By this time a fully fledged Trotskyist, James headed in 1938 to America. The account of his time there is the least satisfying part of the book, often reading like an extended riff on Monty Python’s ‘People’s Front of Judea’ spoof, but without the laughs. This is not the fault of Williams, who manages as well as anyone possibly could to untangle the spider’s web of pointless political intrigues that James and his cohorts indulged in, but one despairs at the waste of James’s time, talent and energy.
Returning to England in July 1953, he became a ‘Hampstead man’, which suited him, and embarked on his other masterpiece, Beyond a Boundary. This is widely regarded as the finest book ever written about cricket, though it is much more than that. A meditation on the phrase ‘What do they know of cricket, who only cricket know?’, it was inspired by the time he had spent as a child shacked up with his grandmother and two aunts in the north of Trinidad. ‘By standing on a chair a small boy of six could watch practice every afternoon and matches on Saturdays … Thus early the pattern of my life was set’, he wrote.
V S Naipaul, a younger Trinidadian of similarly remarkable literary gifts, was among those who praised Beyond a Boundary, describing it as ‘one of the finest and most finished books to come out of the West Indies’. But Naipaul, to whom Williams gives short shrift, cast a long shadow over James’s life. James wrote of his affection and admiration for the younger man. But Naipaul followed his own path. While James almost drowned in far-left politics, Naipaul went the other way, into ‘high society’, as Williams puts it. In doing so, he was perhaps more true to himself than James. James produced two fine works; Naipaul won the Nobel Prize, producing one cold-eyed masterpiece after another.
Beyond a Boundary has never been out of print. Its admirers have included John Arlott, the greatest of cricket commentators, David Gower, whose graceful batting style James adored, and Ian Botham.

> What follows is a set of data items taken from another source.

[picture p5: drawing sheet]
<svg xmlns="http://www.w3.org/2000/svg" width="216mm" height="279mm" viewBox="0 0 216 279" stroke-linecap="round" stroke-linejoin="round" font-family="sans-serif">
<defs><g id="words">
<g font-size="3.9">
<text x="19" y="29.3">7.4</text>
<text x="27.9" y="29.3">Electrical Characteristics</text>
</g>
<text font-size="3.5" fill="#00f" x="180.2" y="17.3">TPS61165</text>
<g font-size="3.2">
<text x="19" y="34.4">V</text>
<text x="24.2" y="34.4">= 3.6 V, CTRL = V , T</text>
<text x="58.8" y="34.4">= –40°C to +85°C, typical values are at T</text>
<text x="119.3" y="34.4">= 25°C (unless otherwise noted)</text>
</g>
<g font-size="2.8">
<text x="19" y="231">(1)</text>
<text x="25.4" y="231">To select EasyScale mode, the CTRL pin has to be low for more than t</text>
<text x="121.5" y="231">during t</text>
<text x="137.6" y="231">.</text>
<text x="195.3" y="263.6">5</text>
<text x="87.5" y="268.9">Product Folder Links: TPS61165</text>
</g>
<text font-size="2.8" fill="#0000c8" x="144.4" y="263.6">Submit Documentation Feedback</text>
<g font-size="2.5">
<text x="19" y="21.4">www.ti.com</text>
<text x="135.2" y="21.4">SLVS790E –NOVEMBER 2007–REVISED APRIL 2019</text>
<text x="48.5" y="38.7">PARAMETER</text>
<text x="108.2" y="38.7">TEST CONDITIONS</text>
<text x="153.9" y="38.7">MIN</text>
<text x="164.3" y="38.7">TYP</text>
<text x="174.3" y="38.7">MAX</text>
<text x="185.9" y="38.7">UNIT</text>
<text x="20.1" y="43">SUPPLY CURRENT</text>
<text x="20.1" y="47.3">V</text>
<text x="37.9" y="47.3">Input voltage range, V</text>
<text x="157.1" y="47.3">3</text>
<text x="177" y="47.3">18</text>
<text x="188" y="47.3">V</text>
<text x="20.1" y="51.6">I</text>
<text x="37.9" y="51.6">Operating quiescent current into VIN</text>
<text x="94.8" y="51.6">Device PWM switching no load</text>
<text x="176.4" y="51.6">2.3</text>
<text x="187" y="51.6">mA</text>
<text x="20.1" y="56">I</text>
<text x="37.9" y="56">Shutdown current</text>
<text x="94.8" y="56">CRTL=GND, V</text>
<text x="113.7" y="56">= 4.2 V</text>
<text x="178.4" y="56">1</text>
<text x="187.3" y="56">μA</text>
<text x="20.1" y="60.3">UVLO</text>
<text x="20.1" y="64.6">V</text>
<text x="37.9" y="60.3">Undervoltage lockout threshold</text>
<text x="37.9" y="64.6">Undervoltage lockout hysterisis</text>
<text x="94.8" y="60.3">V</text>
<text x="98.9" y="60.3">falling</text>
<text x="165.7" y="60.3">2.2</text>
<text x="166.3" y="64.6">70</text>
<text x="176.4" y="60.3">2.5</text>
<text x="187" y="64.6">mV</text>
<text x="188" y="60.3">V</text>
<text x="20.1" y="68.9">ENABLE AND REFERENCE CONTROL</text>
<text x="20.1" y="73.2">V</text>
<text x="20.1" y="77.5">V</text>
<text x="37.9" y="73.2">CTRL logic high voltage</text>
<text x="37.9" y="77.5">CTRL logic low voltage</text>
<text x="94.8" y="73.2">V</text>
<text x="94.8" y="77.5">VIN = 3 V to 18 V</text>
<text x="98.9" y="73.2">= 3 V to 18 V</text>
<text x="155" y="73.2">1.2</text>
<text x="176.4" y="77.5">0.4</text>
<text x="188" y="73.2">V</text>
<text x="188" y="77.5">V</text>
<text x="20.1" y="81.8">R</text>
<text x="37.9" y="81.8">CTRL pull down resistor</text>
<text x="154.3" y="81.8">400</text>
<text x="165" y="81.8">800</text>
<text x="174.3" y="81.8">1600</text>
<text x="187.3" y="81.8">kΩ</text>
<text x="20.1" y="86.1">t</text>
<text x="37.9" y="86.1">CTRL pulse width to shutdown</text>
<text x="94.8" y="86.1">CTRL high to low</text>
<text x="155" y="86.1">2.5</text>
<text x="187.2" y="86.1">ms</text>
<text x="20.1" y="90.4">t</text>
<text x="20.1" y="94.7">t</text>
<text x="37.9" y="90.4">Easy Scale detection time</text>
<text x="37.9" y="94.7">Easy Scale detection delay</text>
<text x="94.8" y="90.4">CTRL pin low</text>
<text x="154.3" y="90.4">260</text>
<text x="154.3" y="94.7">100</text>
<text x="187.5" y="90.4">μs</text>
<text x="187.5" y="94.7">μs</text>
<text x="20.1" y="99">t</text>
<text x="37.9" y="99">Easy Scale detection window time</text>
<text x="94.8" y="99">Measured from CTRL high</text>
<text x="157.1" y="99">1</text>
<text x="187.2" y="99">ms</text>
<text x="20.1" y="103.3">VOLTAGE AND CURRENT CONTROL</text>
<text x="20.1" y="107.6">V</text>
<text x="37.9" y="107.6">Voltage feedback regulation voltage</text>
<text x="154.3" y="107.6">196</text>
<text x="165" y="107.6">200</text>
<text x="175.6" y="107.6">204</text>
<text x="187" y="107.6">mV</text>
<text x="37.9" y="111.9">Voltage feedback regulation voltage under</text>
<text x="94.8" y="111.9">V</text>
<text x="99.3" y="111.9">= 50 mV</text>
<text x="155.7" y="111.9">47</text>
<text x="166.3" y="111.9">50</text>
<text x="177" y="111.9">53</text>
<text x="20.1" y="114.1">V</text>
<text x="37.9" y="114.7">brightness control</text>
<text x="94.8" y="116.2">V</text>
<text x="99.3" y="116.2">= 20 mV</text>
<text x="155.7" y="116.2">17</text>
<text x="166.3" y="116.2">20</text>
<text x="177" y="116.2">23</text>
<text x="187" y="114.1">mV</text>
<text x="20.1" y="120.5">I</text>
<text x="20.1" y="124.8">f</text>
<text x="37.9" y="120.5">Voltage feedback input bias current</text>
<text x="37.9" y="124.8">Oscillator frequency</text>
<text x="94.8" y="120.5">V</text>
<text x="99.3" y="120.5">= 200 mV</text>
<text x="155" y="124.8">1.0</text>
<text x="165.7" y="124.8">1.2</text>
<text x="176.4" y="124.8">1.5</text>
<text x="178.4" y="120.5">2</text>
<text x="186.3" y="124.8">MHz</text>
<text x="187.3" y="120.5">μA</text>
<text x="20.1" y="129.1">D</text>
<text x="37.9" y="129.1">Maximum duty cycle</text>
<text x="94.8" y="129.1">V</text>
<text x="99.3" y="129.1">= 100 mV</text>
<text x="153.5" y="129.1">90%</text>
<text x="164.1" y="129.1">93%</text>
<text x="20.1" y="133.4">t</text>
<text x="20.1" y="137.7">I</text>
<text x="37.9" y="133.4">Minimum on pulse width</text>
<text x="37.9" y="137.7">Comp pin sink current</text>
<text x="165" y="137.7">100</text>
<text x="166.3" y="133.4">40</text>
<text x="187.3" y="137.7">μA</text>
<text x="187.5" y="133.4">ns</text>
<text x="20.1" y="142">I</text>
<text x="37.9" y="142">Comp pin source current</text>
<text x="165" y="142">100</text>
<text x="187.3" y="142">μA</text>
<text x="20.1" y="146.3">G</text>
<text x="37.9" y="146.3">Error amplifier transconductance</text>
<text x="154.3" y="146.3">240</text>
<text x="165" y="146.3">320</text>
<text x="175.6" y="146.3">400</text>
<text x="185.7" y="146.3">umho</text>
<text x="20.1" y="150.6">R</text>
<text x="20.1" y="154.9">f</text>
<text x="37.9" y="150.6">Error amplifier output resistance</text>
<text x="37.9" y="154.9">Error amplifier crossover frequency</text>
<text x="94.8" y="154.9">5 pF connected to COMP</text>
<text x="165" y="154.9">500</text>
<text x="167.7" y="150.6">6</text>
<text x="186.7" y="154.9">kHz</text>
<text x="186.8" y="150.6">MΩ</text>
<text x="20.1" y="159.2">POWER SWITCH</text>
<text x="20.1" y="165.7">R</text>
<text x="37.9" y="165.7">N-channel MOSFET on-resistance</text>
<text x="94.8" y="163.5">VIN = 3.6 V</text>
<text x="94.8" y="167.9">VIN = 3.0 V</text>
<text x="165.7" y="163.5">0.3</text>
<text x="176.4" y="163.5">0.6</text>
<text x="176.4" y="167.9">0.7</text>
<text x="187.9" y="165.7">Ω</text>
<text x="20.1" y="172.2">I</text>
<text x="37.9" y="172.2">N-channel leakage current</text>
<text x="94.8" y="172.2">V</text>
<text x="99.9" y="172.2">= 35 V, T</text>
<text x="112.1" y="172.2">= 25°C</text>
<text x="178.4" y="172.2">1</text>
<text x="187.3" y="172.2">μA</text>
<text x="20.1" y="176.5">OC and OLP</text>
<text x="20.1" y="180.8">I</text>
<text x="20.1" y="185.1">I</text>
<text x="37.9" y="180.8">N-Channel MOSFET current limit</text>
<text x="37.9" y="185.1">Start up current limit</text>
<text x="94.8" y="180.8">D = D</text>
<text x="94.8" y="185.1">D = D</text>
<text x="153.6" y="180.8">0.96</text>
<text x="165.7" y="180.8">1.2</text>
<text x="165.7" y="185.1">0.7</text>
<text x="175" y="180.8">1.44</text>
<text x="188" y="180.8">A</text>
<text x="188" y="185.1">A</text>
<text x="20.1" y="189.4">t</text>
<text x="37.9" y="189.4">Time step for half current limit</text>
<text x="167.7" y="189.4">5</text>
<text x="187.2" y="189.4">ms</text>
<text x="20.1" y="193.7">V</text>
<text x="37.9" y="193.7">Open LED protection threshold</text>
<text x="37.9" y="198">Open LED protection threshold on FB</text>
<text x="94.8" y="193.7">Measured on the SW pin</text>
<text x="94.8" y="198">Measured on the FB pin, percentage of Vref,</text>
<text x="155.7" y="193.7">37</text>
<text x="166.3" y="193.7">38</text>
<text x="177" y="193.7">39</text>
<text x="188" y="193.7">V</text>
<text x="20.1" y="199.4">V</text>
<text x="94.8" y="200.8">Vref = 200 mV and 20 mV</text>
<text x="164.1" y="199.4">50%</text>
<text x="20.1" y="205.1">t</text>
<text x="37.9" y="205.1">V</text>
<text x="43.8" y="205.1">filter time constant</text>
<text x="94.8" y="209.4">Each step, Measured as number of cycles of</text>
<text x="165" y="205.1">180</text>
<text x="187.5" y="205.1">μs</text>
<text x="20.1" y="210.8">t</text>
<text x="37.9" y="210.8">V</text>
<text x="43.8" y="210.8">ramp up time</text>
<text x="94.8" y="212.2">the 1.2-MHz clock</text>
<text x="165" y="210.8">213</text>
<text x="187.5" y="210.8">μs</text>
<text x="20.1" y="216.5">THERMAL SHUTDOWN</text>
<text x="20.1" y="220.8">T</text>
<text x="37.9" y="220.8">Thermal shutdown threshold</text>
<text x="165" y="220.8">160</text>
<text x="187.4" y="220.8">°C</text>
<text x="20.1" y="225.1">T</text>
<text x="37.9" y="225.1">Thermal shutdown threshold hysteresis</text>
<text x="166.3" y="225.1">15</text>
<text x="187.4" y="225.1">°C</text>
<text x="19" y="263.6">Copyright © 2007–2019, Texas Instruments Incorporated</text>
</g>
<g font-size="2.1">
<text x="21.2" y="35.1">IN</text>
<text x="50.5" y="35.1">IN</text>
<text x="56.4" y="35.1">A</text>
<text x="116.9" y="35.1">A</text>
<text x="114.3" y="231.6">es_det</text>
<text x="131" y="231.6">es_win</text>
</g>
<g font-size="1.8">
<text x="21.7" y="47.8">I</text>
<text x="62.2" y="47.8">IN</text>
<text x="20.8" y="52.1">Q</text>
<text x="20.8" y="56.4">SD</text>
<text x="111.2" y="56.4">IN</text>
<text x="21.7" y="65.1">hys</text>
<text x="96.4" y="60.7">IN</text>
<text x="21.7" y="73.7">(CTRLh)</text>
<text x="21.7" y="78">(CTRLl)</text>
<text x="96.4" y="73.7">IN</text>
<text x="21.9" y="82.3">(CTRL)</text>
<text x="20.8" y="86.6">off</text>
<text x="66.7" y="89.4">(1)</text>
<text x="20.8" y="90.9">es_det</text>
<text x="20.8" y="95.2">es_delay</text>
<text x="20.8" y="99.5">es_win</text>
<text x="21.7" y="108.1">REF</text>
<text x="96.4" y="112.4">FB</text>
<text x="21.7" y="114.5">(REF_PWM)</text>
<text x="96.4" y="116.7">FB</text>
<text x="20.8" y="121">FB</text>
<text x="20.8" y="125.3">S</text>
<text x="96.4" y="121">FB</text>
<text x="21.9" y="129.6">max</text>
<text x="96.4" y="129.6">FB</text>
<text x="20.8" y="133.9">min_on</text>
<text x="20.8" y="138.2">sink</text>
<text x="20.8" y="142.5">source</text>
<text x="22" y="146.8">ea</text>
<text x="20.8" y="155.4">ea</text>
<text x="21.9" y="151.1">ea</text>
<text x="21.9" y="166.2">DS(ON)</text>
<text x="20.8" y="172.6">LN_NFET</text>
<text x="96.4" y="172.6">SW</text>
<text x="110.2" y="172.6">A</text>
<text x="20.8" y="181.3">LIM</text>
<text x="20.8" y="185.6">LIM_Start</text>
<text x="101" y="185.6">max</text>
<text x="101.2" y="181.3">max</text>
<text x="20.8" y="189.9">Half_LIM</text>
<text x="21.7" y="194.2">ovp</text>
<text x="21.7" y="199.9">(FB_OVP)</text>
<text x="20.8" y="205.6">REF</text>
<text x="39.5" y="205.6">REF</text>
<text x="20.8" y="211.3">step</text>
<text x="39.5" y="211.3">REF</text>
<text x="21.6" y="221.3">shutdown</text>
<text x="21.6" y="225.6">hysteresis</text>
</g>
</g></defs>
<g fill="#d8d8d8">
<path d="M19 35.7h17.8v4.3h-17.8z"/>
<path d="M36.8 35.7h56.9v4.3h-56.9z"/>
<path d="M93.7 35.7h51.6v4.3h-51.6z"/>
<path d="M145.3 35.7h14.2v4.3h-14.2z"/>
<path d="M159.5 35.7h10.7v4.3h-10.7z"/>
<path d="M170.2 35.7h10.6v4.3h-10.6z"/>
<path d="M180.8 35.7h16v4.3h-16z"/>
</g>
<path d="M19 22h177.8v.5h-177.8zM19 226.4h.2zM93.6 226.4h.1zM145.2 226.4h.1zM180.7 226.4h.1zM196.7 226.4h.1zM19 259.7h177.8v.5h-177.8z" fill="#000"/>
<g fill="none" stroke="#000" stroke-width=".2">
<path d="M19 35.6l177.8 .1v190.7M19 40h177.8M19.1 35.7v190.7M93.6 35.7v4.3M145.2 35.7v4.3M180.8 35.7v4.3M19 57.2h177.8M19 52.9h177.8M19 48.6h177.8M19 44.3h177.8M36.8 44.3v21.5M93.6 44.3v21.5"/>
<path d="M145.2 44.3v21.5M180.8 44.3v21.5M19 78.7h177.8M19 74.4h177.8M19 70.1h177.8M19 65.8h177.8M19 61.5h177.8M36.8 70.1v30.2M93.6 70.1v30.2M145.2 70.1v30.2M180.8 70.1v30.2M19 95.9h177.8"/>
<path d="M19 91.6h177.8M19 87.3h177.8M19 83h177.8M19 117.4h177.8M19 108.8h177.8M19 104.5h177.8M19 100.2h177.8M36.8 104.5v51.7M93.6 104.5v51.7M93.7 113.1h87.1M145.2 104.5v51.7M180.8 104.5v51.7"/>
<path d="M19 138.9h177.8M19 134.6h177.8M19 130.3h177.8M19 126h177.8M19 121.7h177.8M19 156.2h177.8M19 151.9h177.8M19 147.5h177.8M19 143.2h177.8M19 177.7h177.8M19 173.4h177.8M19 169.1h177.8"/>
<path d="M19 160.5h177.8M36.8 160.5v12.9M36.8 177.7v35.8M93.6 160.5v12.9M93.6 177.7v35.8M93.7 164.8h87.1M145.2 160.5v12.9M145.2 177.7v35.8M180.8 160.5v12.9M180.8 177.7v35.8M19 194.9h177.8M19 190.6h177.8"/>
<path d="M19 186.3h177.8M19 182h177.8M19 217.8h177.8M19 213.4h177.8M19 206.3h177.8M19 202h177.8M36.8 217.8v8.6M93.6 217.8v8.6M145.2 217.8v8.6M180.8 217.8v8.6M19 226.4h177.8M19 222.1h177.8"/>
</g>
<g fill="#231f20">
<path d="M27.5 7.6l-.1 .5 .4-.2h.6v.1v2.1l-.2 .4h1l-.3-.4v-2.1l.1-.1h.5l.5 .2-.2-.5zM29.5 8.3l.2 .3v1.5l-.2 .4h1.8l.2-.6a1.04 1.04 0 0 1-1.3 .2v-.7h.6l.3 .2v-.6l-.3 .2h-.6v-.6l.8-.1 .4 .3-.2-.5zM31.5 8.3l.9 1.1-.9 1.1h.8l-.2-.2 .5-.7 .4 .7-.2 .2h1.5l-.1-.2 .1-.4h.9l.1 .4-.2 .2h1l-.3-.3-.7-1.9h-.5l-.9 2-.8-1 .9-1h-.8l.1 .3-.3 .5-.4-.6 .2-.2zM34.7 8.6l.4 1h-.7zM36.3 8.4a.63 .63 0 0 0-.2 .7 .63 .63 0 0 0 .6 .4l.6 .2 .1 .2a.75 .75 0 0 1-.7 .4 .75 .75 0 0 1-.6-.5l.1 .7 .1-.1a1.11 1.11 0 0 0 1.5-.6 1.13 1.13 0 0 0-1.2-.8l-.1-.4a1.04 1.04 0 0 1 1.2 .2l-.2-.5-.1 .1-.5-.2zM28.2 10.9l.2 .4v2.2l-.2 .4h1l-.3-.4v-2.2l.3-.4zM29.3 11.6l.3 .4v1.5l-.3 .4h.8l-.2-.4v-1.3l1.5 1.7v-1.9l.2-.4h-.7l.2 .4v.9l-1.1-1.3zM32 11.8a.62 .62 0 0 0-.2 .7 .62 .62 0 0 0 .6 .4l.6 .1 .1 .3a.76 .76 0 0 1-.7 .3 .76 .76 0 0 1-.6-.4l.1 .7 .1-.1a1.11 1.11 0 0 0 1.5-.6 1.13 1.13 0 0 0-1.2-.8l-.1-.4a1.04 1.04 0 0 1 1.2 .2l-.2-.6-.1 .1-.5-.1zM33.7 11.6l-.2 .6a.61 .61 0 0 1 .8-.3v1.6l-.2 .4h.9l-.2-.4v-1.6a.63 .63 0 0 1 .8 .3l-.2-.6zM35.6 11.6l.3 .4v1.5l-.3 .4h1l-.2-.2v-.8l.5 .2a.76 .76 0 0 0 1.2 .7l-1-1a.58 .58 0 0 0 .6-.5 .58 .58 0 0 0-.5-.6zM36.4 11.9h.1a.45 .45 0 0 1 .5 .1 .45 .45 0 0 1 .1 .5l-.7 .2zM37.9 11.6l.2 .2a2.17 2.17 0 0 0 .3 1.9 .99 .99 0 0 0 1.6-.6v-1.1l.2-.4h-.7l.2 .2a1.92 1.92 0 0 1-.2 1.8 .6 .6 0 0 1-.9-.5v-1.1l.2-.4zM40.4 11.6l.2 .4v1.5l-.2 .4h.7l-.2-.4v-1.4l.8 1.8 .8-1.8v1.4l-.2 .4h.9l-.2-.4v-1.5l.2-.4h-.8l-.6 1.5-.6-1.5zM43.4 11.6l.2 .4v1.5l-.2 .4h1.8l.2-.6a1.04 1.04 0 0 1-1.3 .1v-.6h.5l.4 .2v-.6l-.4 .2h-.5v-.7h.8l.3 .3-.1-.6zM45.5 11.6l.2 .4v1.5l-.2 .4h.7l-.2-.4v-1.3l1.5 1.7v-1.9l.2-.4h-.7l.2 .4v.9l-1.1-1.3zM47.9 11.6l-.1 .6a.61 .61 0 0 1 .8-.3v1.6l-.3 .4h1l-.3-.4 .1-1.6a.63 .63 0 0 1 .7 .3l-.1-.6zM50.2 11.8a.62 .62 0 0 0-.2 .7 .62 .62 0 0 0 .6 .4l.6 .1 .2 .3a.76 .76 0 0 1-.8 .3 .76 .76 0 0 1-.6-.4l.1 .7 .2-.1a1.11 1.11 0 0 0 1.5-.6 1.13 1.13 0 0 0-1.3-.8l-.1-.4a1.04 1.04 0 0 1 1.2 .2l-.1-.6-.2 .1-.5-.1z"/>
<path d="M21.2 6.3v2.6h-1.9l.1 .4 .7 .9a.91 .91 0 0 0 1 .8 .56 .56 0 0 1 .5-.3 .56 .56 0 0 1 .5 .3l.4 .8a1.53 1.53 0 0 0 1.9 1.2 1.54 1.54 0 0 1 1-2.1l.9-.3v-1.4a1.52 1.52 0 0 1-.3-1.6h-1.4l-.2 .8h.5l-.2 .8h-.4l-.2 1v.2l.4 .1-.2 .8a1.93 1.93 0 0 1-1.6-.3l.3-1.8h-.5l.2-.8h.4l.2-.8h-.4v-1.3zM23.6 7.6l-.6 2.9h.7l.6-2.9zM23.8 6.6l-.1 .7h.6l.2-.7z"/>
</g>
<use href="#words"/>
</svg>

The last two regularly visited him in his Brixton flat, situated above the offices of Race Today, during his long dotage. He remained an optimistic, eloquent advocate of far-left theories and pan-Africanism, though was suspicious, like many Marxists of his age, of the rabbit hole of identity politics.
His aesthetic judgement remained finely honed up until his death in 1989 at the age of eighty-eight. He was delighted by the gift of Glenn Gould’s recording of Bach’s Goldberg Variations, presented to him by Edward Said. Typically, James was far more interested in Said’s career as a classical pianist than in his theory of Orientalism. By the end of his life, he had whittled down his passions to what he thought the very best: Michelangelo and Leonardo; Bach, Beethoven and Mozart. His unapologetic embrace of high culture was itself a form of radicalism. C L R James remained a revolutionary to the end.